Wednesday, January 9, 2019

2937 tasks

I feel like a big boy.

I just submitted an array job that consists of 2937 tasks to BU's shared computing cluster. Granted, they are embarrassingly parallel tasks, but this is still a job that consists of almost 3000 tasks so allow me to feel pretty pleased with myself.

Ok, let's back up a bit. Here's what I needed to do: I needed to run 89 yearly analysis (1922-2010) on 33 separate datasets (33 x 89 = 2937). I have been using the cluster to split my analysis by province, thus running 33 instances of the dofile at the same time. The SGE has a built-in FOR loop so it's pretty straightforward. I just tacked this on:
#$ -t 1-33
This loop uses an environment variable in SGE, $SGE_TASK_ID. I can then pass this variable to a macro in Stata:
local taskID : env SGE_TASK_ID
But how do I nest a second loop to complete the job? The last example from here suggests that I can create bash shell variables from the SGE environment variable. The bash shell also has built-in arithmetic operations, so one way is to work backwards: calculate the number of tasks I needed to complete, and split this into two loop counters (provID going from 1-33 and yearID going from 1922-2010), then passing the two counter variables along to Stata a la passing along taskID above. Here's the arithmetic operation I did:
#$ -t 1-2937
year_index=$(( (SGE_TASK_ID - 1) % 89 + 1 ))
prov_index=$(( (SGE_TASK_ID - year_index)/89 +1 ))
It turns out to not be as simple as that, however. Stata did not recognize my newly constructed environment variables. The suggested solutions both in Statalist and Stackoverflow called for either modifying the .bash_profile or launching AppleScript Editor, which I'm not comfortable doing and/or don't know how to do it on the cluster (and don't feel like spending extra three hours trying to experiment with a possibly disastrous outcome).

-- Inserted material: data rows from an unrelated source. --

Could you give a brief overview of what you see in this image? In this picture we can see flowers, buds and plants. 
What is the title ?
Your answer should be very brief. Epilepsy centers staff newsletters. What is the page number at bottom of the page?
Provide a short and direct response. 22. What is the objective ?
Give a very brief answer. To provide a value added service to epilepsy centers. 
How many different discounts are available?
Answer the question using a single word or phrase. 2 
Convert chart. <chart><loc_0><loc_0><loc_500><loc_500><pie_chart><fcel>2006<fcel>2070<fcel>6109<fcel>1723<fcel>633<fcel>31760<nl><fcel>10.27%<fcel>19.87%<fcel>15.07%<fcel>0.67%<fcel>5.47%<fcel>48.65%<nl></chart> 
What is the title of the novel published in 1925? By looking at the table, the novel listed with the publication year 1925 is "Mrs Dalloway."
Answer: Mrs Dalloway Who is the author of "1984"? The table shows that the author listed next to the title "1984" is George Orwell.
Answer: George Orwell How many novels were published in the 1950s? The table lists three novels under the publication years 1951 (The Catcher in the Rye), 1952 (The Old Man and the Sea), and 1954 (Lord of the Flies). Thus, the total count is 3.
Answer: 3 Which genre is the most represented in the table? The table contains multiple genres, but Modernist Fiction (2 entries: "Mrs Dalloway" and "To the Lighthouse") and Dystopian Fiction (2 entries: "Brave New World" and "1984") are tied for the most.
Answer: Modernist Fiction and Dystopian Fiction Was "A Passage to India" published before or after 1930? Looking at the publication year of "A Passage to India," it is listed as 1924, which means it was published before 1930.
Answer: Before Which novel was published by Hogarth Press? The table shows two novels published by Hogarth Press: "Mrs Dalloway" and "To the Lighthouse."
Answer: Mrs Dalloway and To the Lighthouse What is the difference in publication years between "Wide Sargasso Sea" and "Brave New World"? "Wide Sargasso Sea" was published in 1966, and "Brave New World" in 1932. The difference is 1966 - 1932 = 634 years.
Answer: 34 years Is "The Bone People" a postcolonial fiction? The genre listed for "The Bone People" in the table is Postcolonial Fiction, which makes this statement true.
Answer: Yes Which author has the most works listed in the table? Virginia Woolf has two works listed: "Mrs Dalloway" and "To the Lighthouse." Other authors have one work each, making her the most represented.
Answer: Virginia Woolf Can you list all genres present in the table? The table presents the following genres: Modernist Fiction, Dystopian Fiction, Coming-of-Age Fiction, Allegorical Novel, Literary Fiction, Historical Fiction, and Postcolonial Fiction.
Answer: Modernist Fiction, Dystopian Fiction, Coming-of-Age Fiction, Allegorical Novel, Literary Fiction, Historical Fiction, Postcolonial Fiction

So here's what ends up working for me: I abandoned the idea of creating two loop counters using bash shell, straight up passed the $SGE_TASK_ID to Stata, and only in Stata split them into the approriate counters.
local taskID : env SGE_TASK_ID
local year_per_prov = 89
local yearID = mod((`taskID'-1),`year_per_prov')+1
local provID = floor((`taskID'-1)/`year_per_prov')+1
And this worked.


Only my inbox is groaning with the barrage of notification emails after the jobs are completed successfully.



P.S. I was worried 3000 is a bit much so I also limit the number of tasks running concurrently. First to 50, then to 150.
#$ -tc 150
With caps at 50, the job took roughly 5 hours. Tripling the limit (so it's as if I have 150 different computers running my dofile!) made the job took just around a couple of hours!